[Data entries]
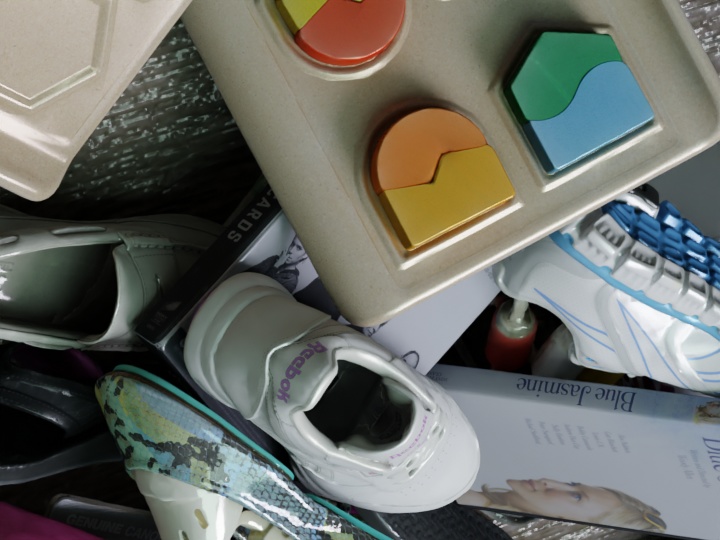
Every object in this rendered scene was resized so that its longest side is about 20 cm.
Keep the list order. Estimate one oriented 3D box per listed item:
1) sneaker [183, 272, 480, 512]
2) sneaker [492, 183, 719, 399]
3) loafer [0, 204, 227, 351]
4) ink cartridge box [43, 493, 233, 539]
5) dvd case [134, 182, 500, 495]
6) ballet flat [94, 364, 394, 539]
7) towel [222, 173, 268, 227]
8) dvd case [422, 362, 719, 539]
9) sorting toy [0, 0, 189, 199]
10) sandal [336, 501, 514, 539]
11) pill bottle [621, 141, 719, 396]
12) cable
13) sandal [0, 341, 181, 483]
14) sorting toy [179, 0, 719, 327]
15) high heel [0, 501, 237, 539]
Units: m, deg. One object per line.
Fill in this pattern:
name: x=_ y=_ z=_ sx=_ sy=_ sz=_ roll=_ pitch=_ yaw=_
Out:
sneaker: x=0.003 y=0.074 z=1.266 sx=0.200 sy=0.100 sz=0.075 roll=34 pitch=88 yaw=-49
sneaker: x=0.148 y=0.026 z=1.334 sx=0.200 sy=0.075 sz=0.087 roll=34 pitch=128 yaw=-20
loafer: x=-0.117 y=0.010 z=1.272 sx=0.200 sy=0.070 sz=0.070 roll=5 pitch=115 yaw=-27
ink cartridge box: x=-0.120 y=0.193 z=1.401 sx=0.200 sy=0.084 sz=0.176 roll=17 pitch=98 yaw=-38
dvd case: x=0.000 y=0.000 z=1.312 sx=0.200 sy=0.025 sz=0.150 roll=-48 pitch=137 yaw=-12
ballet flat: x=-0.048 y=0.119 z=1.271 sx=0.200 sy=0.074 sz=0.074 roll=35 pitch=103 yaw=-23
towel: x=0.022 y=-0.040 z=1.360 sx=0.152 sy=0.023 sz=0.200 roll=24 pitch=109 yaw=-41
dvd case: x=0.124 y=0.095 z=1.393 sx=0.143 sy=0.200 sz=0.018 roll=62 pitch=40 yaw=-55
sorting toy: x=-0.147 y=-0.145 z=1.167 sx=0.185 sy=0.036 sz=0.200 roll=27 pitch=103 yaw=-41
sandal: x=0.031 y=0.145 z=1.476 sx=0.048 sy=0.075 sz=0.200 roll=-30 pitch=136 yaw=18
pill bottle: x=0.185 y=0.025 z=1.442 sx=0.113 sy=0.113 sz=0.200 roll=-26 pitch=132 yaw=-10
cable: x=0.077 y=0.072 z=1.437 sx=0.097 sy=0.050 sz=0.200 roll=13 pitch=135 yaw=-7
sandal: x=-0.136 y=0.056 z=1.301 sx=0.200 sy=0.075 sz=0.048 roll=-4 pitch=123 yaw=-39
sorting toy: x=0.041 y=-0.098 z=1.242 sx=0.200 sy=0.036 sz=0.185 roll=-28 pitch=89 yaw=-6
high heel: x=-0.106 y=0.126 z=1.305 sx=0.067 sy=0.096 sz=0.200 roll=-27 pitch=170 yaw=42
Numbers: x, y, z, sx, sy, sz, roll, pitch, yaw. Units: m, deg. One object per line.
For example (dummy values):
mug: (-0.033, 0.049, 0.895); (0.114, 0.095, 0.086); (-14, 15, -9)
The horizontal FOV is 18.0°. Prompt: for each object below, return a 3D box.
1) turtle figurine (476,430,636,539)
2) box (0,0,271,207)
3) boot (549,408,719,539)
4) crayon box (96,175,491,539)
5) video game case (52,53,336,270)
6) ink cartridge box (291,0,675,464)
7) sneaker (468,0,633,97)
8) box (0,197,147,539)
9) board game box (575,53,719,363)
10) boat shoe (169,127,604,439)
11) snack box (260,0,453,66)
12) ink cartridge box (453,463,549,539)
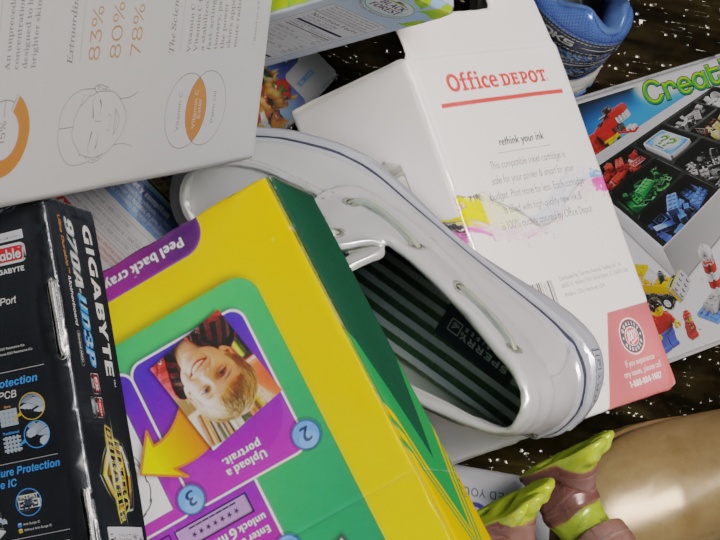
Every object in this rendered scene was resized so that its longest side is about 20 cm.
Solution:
turtle figurine: (0.111, 0.148, 0.892); (0.200, 0.064, 0.161); (-29, 90, -36)
box: (-0.120, -0.097, 0.790); (0.200, 0.097, 0.125); (-17, 117, -62)
boot: (0.191, 0.066, 0.936); (0.175, 0.200, 0.066); (-19, 83, -28)
crayon box: (-0.070, 0.091, 0.815); (0.200, 0.058, 0.173); (-30, 77, 11)
video game case: (-0.120, -0.066, 0.932); (0.143, 0.018, 0.200); (45, 64, -7)
ink cartridge box: (0.046, -0.027, 0.948); (0.116, 0.067, 0.200); (-11, 81, -53)
sneaker: (0.088, -0.179, 1.017); (0.077, 0.085, 0.200); (-6, 79, -25)
box: (-0.180, 0.073, 0.791); (0.200, 0.046, 0.159); (-13, 80, 13)
board game box: (0.178, -0.037, 1.050); (0.200, 0.035, 0.126); (-18, 85, -27)
boat shoe: (0.000, 0.000, 0.867); (0.067, 0.200, 0.074); (-9, 122, -62)
snack box: (-0.032, -0.186, 0.912); (0.053, 0.142, 0.200); (19, 65, -51)
ink cartridge box: (-0.021, 0.168, 0.905); (0.196, 0.043, 0.200); (11, 71, -22)
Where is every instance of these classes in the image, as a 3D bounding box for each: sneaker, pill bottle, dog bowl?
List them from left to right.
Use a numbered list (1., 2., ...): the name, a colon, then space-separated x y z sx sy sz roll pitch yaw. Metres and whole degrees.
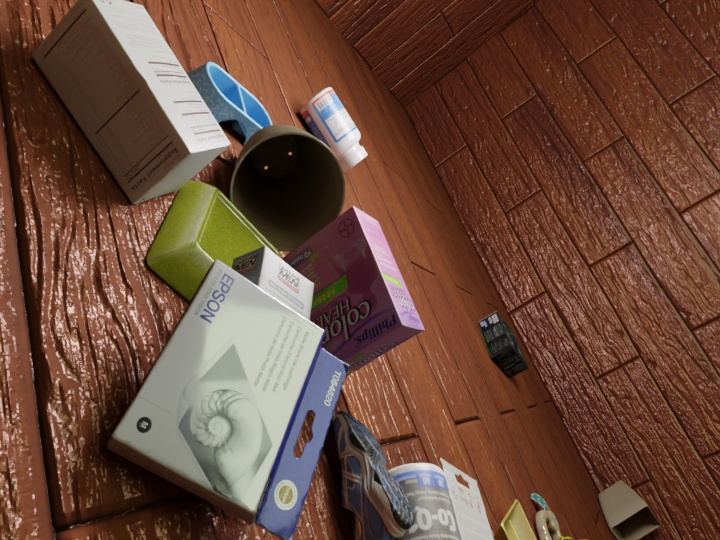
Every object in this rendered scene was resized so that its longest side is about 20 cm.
1. dog bowl: -0.237 -0.307 0.981 0.199 0.049 0.114 32 33 -54
2. pill bottle: -0.067 -0.373 1.413 0.203 0.110 0.113 56 19 -11
3. sneaker: -0.003 0.274 0.710 0.075 0.077 0.201 39 10 -36
4. pill bottle: 0.085 0.381 0.705 0.114 0.112 0.204 42 25 -38

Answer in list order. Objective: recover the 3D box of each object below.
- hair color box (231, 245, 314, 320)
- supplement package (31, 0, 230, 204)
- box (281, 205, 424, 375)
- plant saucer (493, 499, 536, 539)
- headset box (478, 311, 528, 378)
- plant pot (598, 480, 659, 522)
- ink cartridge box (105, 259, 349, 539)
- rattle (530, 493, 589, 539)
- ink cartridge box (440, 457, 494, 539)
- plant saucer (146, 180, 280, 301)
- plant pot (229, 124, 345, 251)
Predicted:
1. hair color box: -0.116 0.088 0.620 0.099 0.059 0.207 40 45 -43
2. supplement package: -0.274 -0.206 0.647 0.204 0.112 0.110 58 20 -8
3. box: -0.023 0.041 0.831 0.096 0.173 0.206 19 44 -60
4. plant saucer: 0.346 0.621 1.118 0.198 0.048 0.206 17 47 -63
5. headset box: 0.565 0.297 2.069 0.200 0.091 0.178 43 24 -39
6. plant pot: 1.224 1.110 2.435 0.201 0.198 0.179 47 12 -29
7. ink cartridge box: -0.107 0.123 0.519 0.197 0.040 0.204 34 50 -17
8. rattle: 0.542 0.671 1.415 0.129 0.144 0.200 39 26 3
9. ink cartridge box: 0.192 0.470 0.956 0.161 0.049 0.204 43 22 -40
10. plant saucer: -0.177 -0.017 0.719 0.200 0.047 0.203 48 22 -30
11. plant pot: -0.133 -0.167 0.888 0.187 0.186 0.202 45 10 -33

• [Work request]:
Show all lines in the entries above where the string "each" appears.

• [Answer box]:
The horizontal FOV is 18.0°. Prompt: for each object below, return a 3D box.
Where is every instance of these classes in the image, as a 3D bounding box for each: sneaker, pill bottle, dog bowl?
Answer in list order. Objective: recover the 3D box of each object below.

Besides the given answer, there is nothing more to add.